- [Action item]:
State the number of lines in the listing below that contain the word "listed", and nothing besides.

- [Exercise input]:

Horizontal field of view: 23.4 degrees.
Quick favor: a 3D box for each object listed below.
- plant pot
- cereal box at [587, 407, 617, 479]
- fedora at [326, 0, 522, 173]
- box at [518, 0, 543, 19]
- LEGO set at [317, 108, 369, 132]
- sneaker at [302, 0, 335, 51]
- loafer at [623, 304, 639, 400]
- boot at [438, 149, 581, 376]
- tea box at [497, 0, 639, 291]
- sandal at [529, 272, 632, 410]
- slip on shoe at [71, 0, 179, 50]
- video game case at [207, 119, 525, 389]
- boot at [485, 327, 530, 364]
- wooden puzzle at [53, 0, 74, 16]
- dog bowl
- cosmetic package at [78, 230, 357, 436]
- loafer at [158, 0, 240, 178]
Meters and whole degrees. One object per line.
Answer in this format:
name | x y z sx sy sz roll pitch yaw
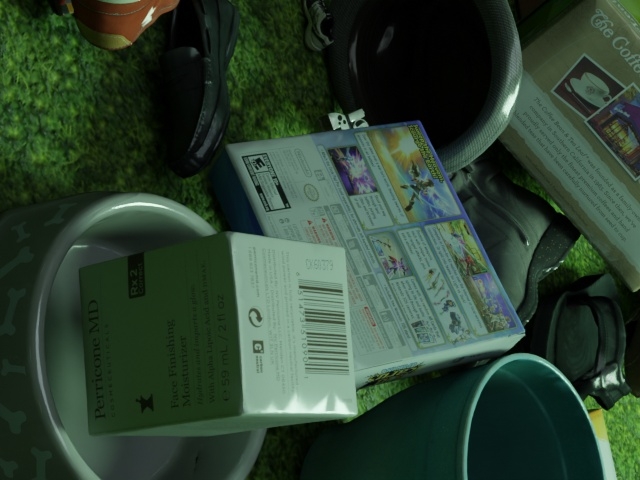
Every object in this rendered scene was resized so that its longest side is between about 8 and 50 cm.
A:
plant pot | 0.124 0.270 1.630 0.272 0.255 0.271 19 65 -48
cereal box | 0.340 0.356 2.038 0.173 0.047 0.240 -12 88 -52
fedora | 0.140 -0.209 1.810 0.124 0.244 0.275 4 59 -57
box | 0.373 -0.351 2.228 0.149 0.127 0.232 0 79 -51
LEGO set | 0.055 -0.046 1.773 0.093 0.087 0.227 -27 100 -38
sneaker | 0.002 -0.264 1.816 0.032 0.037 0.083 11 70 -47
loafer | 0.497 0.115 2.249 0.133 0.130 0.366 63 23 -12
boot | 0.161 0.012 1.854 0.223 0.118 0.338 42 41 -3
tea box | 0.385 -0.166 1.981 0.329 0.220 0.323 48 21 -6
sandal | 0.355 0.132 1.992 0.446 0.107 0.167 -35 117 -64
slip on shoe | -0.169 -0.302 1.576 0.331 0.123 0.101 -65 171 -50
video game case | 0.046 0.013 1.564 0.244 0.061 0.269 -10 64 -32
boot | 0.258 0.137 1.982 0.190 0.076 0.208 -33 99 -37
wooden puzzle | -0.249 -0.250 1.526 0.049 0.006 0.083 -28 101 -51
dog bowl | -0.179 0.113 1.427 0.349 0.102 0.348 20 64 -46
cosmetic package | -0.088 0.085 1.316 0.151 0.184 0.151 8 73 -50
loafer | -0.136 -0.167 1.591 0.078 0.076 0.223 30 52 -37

--

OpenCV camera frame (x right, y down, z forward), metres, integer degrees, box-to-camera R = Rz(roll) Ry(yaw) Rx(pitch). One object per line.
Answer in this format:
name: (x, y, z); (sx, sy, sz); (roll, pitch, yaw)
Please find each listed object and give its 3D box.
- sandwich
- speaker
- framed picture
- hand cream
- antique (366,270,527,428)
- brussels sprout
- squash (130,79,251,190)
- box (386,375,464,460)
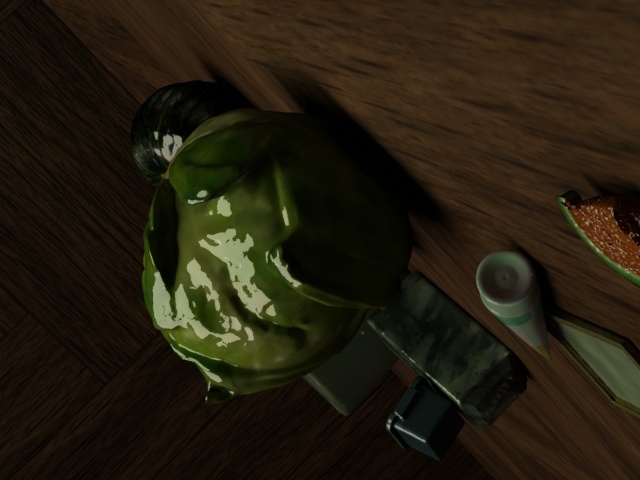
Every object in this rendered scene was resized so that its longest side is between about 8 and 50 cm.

==

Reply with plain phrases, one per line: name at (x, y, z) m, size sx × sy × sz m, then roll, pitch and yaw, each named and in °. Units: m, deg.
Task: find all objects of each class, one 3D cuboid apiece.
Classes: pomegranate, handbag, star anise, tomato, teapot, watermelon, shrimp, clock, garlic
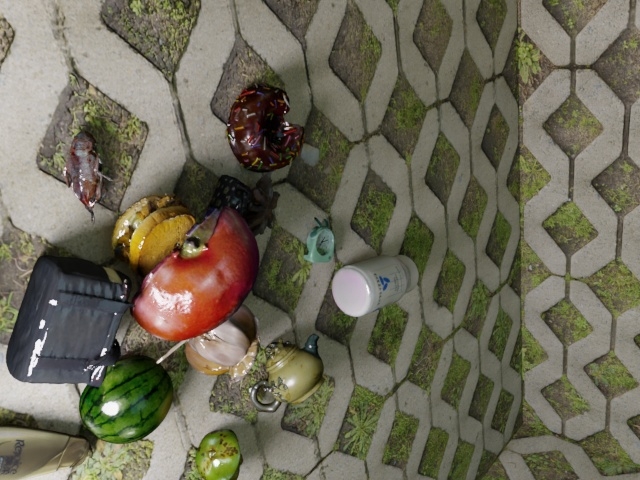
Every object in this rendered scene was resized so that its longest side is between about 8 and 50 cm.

- [Completed exercise]:
2